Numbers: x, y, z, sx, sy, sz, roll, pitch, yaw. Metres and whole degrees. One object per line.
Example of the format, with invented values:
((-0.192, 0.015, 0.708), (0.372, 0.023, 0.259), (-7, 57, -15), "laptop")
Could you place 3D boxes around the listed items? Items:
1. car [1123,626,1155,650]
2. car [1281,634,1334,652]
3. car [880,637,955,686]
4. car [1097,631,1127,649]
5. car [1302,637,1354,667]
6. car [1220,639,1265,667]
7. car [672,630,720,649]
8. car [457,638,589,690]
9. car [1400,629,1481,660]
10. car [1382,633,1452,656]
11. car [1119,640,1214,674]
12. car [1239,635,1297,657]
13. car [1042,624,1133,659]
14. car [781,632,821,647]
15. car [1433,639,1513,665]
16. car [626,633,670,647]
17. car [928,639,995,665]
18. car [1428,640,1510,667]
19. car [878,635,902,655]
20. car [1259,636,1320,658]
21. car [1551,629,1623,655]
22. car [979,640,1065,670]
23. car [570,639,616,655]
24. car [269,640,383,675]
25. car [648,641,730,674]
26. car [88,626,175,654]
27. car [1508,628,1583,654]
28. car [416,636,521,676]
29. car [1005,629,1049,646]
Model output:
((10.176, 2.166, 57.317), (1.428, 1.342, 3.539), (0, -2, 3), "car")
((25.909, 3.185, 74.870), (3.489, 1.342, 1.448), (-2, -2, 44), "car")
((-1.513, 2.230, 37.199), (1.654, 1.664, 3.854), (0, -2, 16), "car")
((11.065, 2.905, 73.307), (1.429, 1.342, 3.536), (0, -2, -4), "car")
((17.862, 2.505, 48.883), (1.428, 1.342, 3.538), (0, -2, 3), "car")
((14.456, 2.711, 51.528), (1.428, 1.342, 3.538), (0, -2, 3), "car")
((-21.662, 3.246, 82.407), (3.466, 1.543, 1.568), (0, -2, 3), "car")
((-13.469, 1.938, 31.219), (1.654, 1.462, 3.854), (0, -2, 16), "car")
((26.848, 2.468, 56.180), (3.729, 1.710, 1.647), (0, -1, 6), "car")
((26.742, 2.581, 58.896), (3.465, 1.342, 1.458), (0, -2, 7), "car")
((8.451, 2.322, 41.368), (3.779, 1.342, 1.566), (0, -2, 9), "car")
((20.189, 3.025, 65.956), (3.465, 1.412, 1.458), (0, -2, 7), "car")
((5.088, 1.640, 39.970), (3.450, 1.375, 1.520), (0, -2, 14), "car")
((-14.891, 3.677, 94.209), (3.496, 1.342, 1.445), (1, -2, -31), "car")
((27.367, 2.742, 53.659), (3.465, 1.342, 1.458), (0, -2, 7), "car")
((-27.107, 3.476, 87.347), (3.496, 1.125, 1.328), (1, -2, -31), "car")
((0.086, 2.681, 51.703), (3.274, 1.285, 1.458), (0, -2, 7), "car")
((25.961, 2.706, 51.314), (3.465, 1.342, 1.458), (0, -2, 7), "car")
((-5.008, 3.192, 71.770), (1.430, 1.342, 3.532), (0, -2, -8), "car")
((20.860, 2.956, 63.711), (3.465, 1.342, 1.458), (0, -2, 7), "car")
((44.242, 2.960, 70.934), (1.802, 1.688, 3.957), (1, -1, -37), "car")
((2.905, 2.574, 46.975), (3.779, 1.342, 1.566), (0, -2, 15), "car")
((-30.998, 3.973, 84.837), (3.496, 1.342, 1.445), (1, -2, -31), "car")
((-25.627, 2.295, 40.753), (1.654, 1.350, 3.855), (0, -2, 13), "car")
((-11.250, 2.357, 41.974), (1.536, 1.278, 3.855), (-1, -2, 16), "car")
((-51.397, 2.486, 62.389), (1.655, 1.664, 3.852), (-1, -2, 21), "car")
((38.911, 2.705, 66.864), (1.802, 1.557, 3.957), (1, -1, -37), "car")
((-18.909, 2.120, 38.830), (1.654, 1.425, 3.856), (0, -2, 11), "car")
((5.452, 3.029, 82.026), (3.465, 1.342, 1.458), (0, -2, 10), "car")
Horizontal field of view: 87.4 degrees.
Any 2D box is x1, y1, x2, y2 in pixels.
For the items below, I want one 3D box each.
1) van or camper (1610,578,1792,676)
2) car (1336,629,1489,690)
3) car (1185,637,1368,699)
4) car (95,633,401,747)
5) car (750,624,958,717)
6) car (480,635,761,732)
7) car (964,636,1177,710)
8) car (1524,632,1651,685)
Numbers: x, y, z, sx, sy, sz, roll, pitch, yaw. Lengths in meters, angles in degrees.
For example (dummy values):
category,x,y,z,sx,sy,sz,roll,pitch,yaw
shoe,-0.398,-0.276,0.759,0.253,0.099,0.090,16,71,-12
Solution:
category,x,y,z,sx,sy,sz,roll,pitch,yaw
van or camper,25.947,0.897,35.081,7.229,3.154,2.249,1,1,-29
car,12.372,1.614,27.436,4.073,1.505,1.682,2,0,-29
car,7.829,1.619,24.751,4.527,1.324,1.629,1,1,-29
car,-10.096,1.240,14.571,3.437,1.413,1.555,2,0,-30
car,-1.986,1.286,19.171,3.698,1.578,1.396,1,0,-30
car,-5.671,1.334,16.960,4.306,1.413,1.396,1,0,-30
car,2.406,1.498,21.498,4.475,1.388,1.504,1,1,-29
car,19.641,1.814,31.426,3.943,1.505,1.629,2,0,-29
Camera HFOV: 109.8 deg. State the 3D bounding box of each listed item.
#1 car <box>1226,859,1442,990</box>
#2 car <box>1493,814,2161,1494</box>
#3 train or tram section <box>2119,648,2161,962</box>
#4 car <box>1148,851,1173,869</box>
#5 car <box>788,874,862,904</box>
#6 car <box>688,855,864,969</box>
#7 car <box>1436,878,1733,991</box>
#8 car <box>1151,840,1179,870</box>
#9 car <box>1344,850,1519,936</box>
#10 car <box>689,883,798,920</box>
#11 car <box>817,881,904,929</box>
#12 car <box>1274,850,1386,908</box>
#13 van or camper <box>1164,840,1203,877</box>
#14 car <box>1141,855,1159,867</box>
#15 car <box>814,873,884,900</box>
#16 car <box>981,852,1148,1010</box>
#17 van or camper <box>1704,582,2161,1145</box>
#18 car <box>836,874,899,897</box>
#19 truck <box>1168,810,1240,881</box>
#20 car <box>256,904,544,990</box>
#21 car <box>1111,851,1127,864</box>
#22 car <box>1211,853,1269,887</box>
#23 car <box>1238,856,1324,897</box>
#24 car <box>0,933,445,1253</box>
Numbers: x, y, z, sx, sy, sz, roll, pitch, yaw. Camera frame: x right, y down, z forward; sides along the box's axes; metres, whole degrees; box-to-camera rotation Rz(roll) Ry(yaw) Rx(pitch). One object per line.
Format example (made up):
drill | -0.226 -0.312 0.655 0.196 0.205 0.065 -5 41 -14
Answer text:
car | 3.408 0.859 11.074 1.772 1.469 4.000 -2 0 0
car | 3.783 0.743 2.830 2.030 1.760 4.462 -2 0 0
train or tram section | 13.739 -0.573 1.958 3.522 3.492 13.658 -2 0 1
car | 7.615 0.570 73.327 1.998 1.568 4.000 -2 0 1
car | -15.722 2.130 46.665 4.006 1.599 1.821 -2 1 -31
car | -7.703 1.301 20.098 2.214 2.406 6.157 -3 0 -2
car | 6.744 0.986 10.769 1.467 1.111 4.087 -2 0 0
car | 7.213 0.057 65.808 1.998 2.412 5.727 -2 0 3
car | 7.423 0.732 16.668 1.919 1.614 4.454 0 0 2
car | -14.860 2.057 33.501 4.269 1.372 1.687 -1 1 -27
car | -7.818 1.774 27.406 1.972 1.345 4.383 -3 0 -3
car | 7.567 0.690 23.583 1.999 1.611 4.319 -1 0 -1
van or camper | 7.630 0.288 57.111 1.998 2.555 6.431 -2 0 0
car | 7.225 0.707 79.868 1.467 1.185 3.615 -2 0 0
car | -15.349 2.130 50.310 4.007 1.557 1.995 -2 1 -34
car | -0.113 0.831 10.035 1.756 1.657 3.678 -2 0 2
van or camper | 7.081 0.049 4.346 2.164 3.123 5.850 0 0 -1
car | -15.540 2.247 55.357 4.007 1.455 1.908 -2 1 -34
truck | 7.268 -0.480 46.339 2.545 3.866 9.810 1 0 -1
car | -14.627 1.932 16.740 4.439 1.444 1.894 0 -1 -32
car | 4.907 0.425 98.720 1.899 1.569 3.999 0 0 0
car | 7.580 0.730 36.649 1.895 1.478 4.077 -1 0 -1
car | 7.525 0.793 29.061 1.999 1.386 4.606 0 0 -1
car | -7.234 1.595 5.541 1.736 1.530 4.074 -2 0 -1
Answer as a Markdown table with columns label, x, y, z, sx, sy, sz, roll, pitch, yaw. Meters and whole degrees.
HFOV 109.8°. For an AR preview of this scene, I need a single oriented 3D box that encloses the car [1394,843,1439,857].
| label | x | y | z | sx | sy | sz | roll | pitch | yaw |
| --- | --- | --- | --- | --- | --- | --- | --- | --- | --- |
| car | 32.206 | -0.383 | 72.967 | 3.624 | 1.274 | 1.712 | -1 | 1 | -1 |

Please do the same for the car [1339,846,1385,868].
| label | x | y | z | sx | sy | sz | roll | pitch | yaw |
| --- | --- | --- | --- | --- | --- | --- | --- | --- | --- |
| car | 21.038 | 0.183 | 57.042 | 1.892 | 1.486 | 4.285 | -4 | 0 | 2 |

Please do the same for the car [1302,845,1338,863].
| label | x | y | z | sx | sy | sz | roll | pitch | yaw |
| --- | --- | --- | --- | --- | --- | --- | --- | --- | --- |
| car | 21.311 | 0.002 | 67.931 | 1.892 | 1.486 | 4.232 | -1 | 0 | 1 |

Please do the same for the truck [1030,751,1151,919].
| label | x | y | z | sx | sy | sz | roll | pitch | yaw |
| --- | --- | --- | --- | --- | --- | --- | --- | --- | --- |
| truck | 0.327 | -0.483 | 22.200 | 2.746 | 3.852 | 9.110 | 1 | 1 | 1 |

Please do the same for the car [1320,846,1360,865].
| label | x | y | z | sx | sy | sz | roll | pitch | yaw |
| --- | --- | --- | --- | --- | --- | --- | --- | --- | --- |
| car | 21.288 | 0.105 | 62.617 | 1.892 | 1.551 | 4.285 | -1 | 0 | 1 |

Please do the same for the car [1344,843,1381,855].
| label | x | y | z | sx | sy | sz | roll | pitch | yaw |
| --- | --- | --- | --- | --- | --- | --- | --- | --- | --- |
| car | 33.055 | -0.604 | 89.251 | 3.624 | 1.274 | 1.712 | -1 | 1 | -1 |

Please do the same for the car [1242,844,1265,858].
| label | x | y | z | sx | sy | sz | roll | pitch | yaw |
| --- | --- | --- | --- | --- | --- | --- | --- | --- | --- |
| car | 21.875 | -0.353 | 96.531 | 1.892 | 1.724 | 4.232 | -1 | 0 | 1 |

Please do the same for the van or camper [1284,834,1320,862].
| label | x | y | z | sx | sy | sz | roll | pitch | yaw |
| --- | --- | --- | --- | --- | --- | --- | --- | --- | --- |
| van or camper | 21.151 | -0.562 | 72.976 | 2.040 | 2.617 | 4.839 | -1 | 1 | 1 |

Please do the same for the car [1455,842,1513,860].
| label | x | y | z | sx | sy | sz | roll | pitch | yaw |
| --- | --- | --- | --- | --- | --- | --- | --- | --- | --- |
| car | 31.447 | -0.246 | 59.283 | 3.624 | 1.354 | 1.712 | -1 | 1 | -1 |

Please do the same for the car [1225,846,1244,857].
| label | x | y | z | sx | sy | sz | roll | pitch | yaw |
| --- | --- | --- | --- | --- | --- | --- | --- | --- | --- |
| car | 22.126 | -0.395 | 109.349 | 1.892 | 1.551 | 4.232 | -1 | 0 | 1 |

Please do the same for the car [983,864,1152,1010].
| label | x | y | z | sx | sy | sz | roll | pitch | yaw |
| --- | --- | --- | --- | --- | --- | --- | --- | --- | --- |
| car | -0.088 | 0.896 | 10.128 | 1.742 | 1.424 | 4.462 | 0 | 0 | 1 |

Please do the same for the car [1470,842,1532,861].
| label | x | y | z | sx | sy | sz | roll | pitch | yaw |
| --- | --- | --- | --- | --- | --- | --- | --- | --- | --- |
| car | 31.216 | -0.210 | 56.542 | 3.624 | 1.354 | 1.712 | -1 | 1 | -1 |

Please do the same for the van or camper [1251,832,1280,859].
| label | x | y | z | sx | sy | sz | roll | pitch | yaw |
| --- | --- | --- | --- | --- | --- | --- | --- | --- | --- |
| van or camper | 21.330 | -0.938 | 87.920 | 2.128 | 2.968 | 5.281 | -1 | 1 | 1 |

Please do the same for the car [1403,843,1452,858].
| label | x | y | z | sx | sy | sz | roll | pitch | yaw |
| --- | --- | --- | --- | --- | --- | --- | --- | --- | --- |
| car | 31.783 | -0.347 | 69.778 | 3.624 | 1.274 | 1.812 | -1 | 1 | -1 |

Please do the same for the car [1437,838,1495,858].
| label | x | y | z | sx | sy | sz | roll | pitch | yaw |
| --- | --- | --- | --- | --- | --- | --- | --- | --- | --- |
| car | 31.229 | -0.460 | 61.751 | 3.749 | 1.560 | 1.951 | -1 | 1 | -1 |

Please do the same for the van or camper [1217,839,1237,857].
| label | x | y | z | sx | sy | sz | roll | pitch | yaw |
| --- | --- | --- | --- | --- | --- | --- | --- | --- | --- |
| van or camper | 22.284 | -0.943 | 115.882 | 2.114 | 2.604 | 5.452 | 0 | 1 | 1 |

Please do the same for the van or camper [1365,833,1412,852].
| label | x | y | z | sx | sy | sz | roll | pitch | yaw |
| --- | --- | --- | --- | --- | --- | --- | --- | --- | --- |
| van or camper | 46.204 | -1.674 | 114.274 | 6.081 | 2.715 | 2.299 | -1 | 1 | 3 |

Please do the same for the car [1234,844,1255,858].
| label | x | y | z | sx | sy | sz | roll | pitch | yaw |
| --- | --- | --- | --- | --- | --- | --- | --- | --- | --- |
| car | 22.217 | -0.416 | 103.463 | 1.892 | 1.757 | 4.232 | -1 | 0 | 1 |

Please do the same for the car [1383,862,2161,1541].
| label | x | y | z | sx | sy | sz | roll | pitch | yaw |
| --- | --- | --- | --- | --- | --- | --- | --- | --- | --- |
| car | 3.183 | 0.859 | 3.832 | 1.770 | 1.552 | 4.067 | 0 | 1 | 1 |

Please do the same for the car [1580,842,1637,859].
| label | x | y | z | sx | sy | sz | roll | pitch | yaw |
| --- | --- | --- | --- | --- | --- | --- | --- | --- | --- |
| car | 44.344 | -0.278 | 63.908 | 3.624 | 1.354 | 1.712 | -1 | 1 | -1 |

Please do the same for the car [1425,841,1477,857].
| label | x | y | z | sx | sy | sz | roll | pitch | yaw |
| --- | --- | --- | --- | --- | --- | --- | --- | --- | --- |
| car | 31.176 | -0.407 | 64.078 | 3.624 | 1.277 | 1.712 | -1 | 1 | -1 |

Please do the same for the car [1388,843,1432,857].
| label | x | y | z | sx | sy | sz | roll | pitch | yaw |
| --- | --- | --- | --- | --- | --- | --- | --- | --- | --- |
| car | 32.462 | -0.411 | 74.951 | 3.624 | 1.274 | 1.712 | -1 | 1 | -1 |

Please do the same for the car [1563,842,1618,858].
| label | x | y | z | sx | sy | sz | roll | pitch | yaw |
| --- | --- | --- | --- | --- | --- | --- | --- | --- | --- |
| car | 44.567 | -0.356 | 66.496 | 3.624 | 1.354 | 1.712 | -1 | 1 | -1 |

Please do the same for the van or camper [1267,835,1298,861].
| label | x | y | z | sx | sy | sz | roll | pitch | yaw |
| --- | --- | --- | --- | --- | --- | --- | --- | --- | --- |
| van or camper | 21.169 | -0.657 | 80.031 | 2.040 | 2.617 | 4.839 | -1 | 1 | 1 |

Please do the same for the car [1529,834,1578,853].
* * *
→ What to do
From the entries above, return exactly the line containing "1) van or camper (1610,578,1792,676)", the line containing "shoe,-0.398,-0.276,0.759,0.253,0.099,0.090,16,71,-12", and all lines between, and nothing else.

→ Answer to this task
1) van or camper (1610,578,1792,676)
2) car (1336,629,1489,690)
3) car (1185,637,1368,699)
4) car (95,633,401,747)
5) car (750,624,958,717)
6) car (480,635,761,732)
7) car (964,636,1177,710)
8) car (1524,632,1651,685)
Numbers: x, y, z, sx, sy, sz, roll, pitch, yaw. Lengths in meters, angles in degrees.
For example (dummy values):
category,x,y,z,sx,sy,sz,roll,pitch,yaw
shoe,-0.398,-0.276,0.759,0.253,0.099,0.090,16,71,-12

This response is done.